Martial Arts: Equanimity & Tai Chi

When prospective students visit my Tai Chi school, I always invite them to sit in on a Tai Chi class in progress. I think it’s only fair and prudent that potential students have the opportunity to observe a class before committing to a course of study. Observing first, prior to enrolling, gives prospects the benefit of full disclosure of what I teach and how I teach it. Occasionally, prospective students ask if they might try a class before signing up. As a rule, I prefer that visitors watch first, rather than participate. Non-participatory observation offers a broader objective vantage point. Aside from the “what’s” and “how’s” of my teaching method, observers can also get a sense of the school’s ambience and its social atmosphere. This all makes for an important first step in determining if any given school is a good match for any given student.

After class is over, I like to chat with observers to discuss their impressions. What do they think? How do they feel about what they’ve observed? Almost without exception, observers volunteer impressions along the lines of, “Gee, I can’t believe how relaxed I feel after watching Tai Chi class.” Just watching Tai Chi can induce a deeply relaxing effect on people.

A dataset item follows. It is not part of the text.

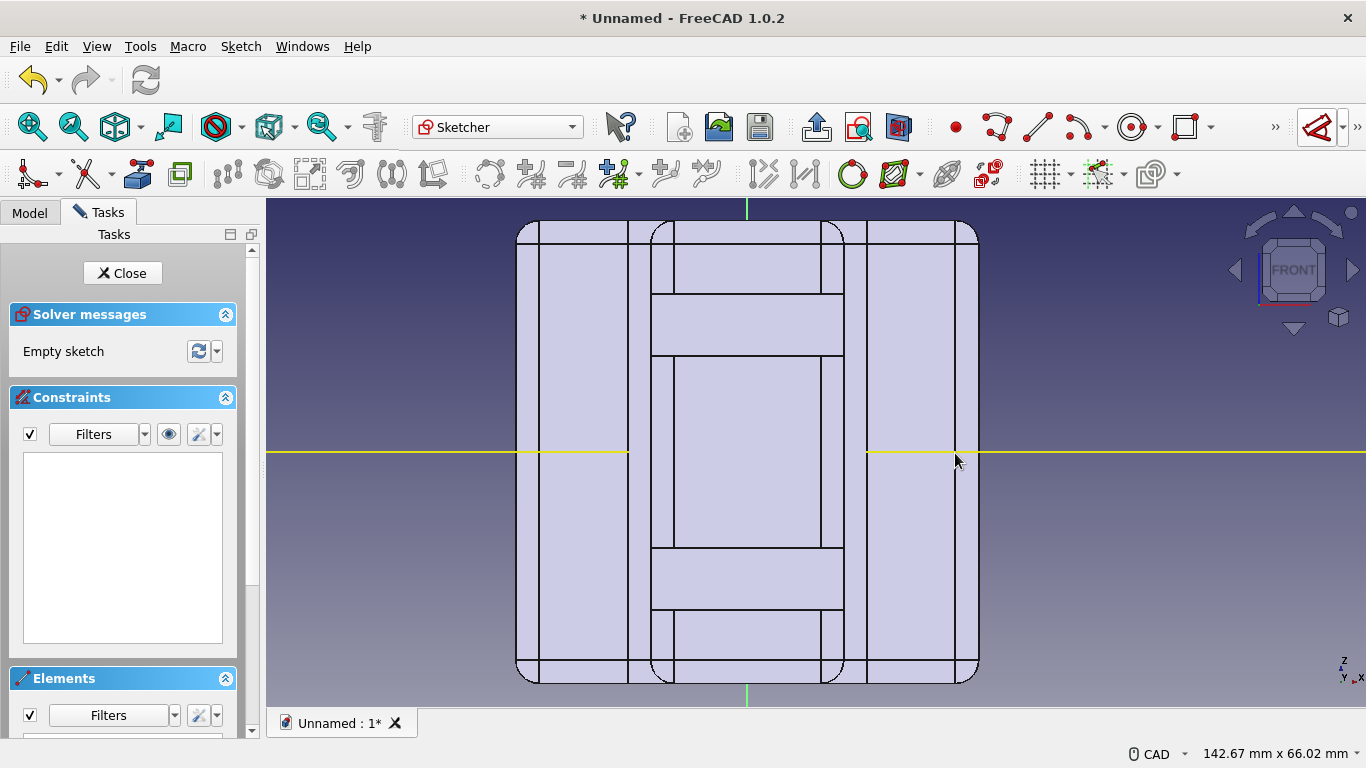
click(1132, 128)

This comes as no surprise, and not just because I hear it so often. I expect such a response because I understand that even just observing Tai Chi triggers a parasympathetic (relaxation) response in the brains and bodies of those observing. Watching Tai Chi can, all by itself, prove to be calming. Experiencing the calmness that Tai Chi can confer is the first step in acquiring Tai Chi’s most underrated benefit—equanimity.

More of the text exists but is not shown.